Just another reminder of the part of the job she hated most: the waiting and the researching. But it had to be done. Soon she’d have an opening and she’d take it. And it would be thanks to doing the parts of the job she hated.
As she drank what passed for coffee on this world though, she realized she was wrong. There was an even worse part of the job for her. Local cuisine. She’d traveled nearly all of Coventry Province and a few places beyond either for training or work, and this was easily the worst coffee she’d ever had.

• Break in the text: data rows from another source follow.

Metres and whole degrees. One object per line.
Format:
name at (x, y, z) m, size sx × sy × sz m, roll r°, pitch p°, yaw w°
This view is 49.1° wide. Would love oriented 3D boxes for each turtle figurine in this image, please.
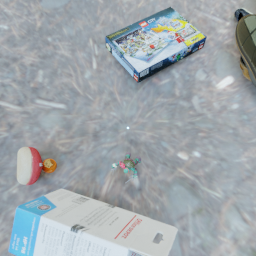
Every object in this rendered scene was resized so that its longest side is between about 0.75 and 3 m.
turtle figurine at (0.007, 0.845, 6.146) m, size 0.611 × 0.411 × 0.816 m, roll 37°, pitch 31°, yaw 0°

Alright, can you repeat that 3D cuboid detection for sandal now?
sandal at (3.429, -1.584, 7.238) m, size 1.100 × 0.735 × 2.693 m, roll -25°, pitch 90°, yaw -15°

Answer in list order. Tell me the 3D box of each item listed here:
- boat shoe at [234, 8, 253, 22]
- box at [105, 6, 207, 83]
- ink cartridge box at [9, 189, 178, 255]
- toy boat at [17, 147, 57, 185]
boat shoe at (3.182, -3.127, 7.844) m, size 0.293 × 0.351 × 0.940 m, roll -17°, pitch 34°, yaw 2°
box at (0.730, -2.280, 7.450) m, size 2.224 × 0.419 × 1.519 m, roll -30°, pitch 63°, yaw -17°
ink cartridge box at (-0.558, 2.049, 5.146) m, size 2.661 × 1.541 × 0.888 m, roll 14°, pitch 94°, yaw 17°
toy boat at (-1.992, 0.839, 6.178) m, size 0.819 × 1.253 × 0.818 m, roll 0°, pitch 81°, yaw -18°

As she drank it, she filed another entry for the article she was supposed to be working on as part of her cover. The best part was it was real. Some misguided fool really was trying to stir up tourism this close to the invasion corridor this close to the Periphery and it was child’s play to convince them she was the woman for the job. She could be here for another six months on this current identity before she would have to figure something out. Which was plenty of time for her to come up with something if she needed to, but she doubted she’d be on Kowloon that long.
***
White Rabbit Ferry Transfer Point, Boojum Moon system…Elijah met her at the airlock with a kiss. "How was your visit?" he asked.
"It was
amazing, Eli!!" she enthused. "Everyone was so
nice!!"
He gave her a look. "Everyone??" he asked skeptically.
She rolled her eyes. "Okay, so your cousins at the station were kind of cold… And Sov Randall Sithers 344 wasn't kind when he berated me for poor suit discipline in front of the children."

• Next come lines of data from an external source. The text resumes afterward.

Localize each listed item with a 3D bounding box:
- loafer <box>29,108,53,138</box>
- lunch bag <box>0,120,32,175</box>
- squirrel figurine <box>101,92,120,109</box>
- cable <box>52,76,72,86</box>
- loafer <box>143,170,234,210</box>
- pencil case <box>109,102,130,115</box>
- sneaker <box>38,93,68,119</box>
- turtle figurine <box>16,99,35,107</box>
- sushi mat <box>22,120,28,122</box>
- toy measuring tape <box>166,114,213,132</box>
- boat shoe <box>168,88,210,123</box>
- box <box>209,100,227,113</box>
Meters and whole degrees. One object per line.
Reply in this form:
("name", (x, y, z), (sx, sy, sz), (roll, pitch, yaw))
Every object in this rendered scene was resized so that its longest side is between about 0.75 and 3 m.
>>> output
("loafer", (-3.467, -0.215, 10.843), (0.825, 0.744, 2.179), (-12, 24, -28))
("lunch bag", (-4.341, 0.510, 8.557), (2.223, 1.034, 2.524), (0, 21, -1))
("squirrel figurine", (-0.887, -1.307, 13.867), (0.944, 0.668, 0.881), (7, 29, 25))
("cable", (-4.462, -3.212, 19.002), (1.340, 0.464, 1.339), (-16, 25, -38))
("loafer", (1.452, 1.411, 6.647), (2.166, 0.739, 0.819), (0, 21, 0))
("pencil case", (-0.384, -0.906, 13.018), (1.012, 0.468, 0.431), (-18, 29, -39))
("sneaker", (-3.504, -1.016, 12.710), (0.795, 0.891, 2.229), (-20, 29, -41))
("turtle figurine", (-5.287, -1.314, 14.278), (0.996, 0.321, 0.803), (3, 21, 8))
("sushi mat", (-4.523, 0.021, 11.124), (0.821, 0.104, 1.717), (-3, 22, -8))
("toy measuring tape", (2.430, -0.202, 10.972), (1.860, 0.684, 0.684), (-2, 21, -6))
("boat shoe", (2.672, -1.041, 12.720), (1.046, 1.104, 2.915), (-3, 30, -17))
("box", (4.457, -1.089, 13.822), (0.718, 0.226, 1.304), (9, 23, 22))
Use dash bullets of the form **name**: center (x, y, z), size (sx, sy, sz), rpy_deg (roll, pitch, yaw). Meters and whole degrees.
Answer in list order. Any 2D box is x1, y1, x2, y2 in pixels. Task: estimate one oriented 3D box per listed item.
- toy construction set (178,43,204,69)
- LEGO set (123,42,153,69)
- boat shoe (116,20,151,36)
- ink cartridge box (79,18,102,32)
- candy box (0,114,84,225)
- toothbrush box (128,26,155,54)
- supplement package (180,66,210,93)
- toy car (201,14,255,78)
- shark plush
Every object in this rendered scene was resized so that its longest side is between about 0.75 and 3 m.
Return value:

"That sounds more realistic. Randay's got no tact in his entire body, and from what Grandpa used to say when I was a little kid? The man never did." Eli smiled and hugged his fiancée, "I've been missing you, you know that, right?"

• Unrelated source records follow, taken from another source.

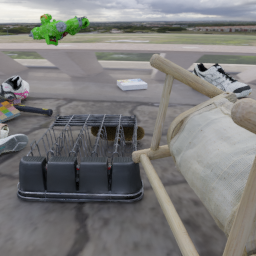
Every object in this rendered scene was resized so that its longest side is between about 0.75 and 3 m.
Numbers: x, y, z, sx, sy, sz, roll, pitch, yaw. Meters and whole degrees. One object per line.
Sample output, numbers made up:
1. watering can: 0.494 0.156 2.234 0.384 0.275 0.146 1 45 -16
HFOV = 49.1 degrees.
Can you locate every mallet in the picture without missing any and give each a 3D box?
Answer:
1. mallet: -3.762 -0.708 9.159 2.729 0.562 0.899 8 9 -1

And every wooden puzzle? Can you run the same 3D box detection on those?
1. wooden puzzle: -3.988 -0.470 8.518 1.010 0.120 1.703 33 47 30

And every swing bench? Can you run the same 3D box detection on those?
1. swing bench: 1.736 0.304 3.545 2.777 1.802 2.762 7 18 -11

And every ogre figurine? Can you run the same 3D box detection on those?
1. ogre figurine: -2.460 -3.396 9.669 2.091 1.026 1.254 15 28 21

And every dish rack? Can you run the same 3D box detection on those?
1. dish rack: -0.819 0.391 6.042 2.287 0.813 2.981 2 21 1

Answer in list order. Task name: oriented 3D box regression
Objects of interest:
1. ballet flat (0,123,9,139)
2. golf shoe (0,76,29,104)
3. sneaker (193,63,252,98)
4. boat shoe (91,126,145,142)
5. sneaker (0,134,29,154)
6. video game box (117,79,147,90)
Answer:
1. ballet flat: -3.300 0.114 7.281 0.350 0.354 1.040 3 22 -17
2. golf shoe: -3.958 -1.435 10.035 0.754 0.956 2.076 35 18 -12
3. sneaker: 3.663 -1.966 11.264 1.002 1.161 2.649 -18 30 -41
4. boat shoe: -0.256 0.142 7.072 1.345 0.492 0.436 8 -13 5
5. sneaker: -2.901 0.384 6.528 0.460 0.404 1.149 17 28 41
6. video game box: 0.164 -1.912 12.302 1.111 0.260 1.012 -6 25 -15
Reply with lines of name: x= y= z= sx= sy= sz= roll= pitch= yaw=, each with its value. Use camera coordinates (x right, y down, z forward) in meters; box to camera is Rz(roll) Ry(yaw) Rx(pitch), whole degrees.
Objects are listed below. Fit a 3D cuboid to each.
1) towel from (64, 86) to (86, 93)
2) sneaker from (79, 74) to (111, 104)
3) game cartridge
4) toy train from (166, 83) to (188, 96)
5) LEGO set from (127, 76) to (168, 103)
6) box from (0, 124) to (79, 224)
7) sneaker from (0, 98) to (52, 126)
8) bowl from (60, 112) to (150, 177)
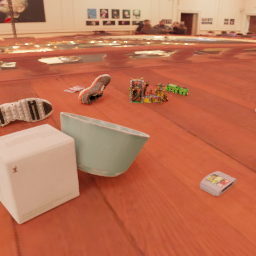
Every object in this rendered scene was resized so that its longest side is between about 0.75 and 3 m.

"It was only a few weeks!" she squeaked. "Did you get the business done?"
"Still waiting for the Archon's official okey-dokey, but the Navy's agreed to most of it," he told her. "And we've finished Forge seven, and finished pre-run tests. I was only waiting for the ship you rode in from Snark on."
"What's on it?"
"One hundred seventy thousand tons of grade one Germanium from the processor," he told her. "About as much straight mineral wealth as you'll find concentrated anywhere short of Alarion. We'll be ready when Her Majesty drops the buy-order."
They floated through the transfer station to the Boojum-Kowloon Ferry ship.
"So what paid for it?" she asked.
"Eight hundred tons of process-treated Oakhogany, twelve thousand processed steer carcasses, and half a million liters of sewer sludge and manure mix from the Plateau," he said. "They'll be using that last bit at Boojum Two, for the agricultural dome project. I'll be finished paying it when the Barleycornia seed is delivered in May. Sov Nghien is trying to get grain going in the five-card Crater project. I have my doubts. I don't think they'll be able to get decent harvests without hiring an agricultural geneticist, but hey, I'm not a farmer." He smiled.
She hugged close to him as they floated through a connecting lock to the Ferry vessel. "Where to next?"
"Hatter. This is one of those 'it would be nicer if my brothers had lived' moments. I have to step in to handle a claim dispute between two of the Mining families. We're bringing bribes. We'll pick those up at the Kowloon-White Rabbit Lagrange."
"What's the dispute?"
"Unclear as hell, but I figure if I bribe them with the good stuff, they'll clear it up for me so I can render a ruling. I'll likely need to talk to Nedry about why he can't manage a claim dispute without me stepping in. He's been their alderman since before I was born. They just kept re-electing him."